Some of these issues are already taken care of with the hardware and software that Apple is employing, remarks Nephosity's Michael Pan. Helpful features include the the ability of Apple laptops, iPhones, and iPads to remotely lock and wipe when they are lost. For example, if doctors lose their iPads, they can log into the iCloud from another device and erase the iPad's information remotely. In addition, it is important to use the secure form of HTML for any kind of Web coding, according to Pan.

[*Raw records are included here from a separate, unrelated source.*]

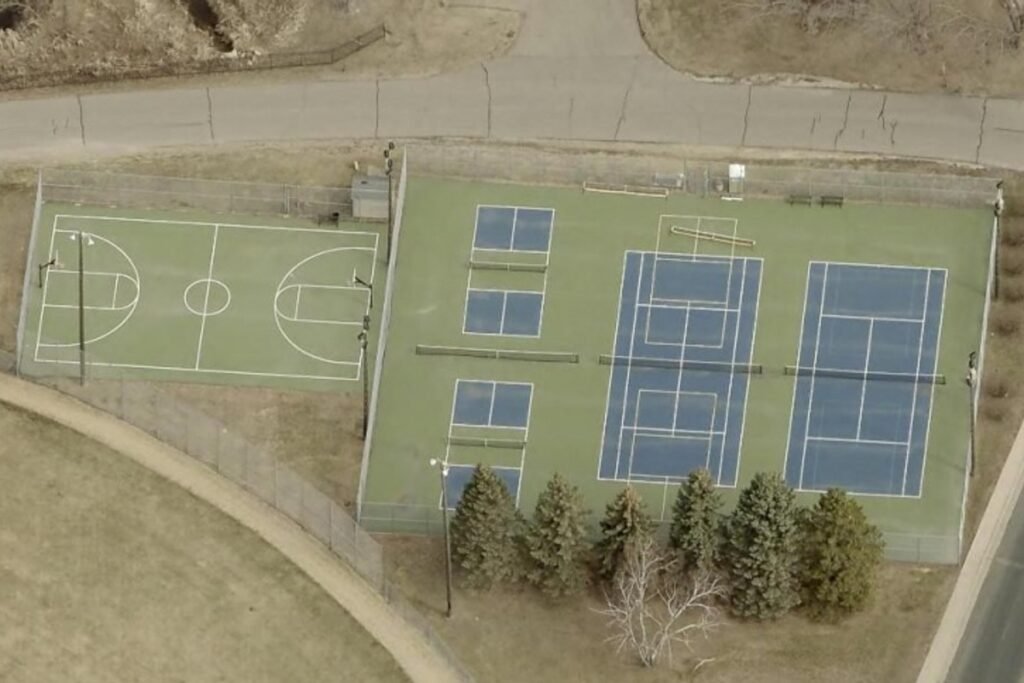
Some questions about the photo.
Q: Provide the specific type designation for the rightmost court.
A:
tennis court
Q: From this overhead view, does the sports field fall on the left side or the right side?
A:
left
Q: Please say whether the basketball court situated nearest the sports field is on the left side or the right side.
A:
left
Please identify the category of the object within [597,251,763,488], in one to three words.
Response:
tennis court
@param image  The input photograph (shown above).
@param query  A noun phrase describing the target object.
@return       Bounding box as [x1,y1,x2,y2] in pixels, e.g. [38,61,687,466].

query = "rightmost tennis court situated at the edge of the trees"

[782,261,947,498]
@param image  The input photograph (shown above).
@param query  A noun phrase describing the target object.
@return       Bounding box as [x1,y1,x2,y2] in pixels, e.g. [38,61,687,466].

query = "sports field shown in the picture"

[0,370,463,683]
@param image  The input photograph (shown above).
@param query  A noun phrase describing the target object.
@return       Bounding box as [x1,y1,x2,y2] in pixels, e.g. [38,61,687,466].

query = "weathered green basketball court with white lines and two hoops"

[21,203,396,391]
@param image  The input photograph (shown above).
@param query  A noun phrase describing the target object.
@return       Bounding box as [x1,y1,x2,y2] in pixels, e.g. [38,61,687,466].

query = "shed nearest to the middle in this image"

[350,177,392,219]
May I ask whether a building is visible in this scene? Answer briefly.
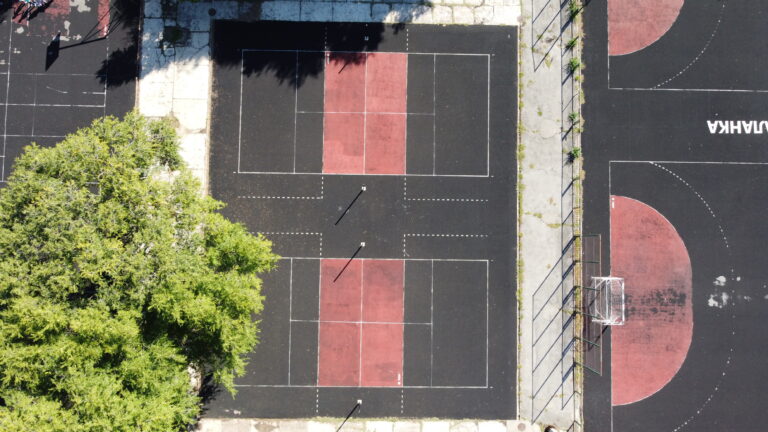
No
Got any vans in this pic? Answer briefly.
No
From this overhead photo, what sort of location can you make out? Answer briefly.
sports ground
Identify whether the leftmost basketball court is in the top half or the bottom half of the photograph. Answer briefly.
top
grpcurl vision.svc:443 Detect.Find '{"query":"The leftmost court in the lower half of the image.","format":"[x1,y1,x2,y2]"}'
[228,232,493,412]
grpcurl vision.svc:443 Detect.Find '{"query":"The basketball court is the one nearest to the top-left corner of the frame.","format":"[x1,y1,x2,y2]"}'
[0,0,110,106]
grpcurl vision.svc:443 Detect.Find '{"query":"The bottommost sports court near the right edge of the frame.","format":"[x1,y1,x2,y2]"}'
[609,161,768,432]
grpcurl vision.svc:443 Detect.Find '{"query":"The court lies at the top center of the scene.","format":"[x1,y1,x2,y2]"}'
[234,28,493,200]
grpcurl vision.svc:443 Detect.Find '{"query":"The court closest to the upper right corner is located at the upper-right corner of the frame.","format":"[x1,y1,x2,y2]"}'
[608,0,768,92]

And the Advanced Encryption Standard AES-256 should be used to secure all data stored on a disk.

Several privacy considerations should be foremost in developers' minds when they design mobile health apps, according to Fineberg. First, they should understand that they are accountable for their conduct and code. Second, they should maintain transparency when implementing systems to protect health information. Third, they should limit the collection and storage of information to that required for the function and security of the app. Fourth, they should obtain meaningful consent where required. And fifth, they should consider the timing of user notice and consent.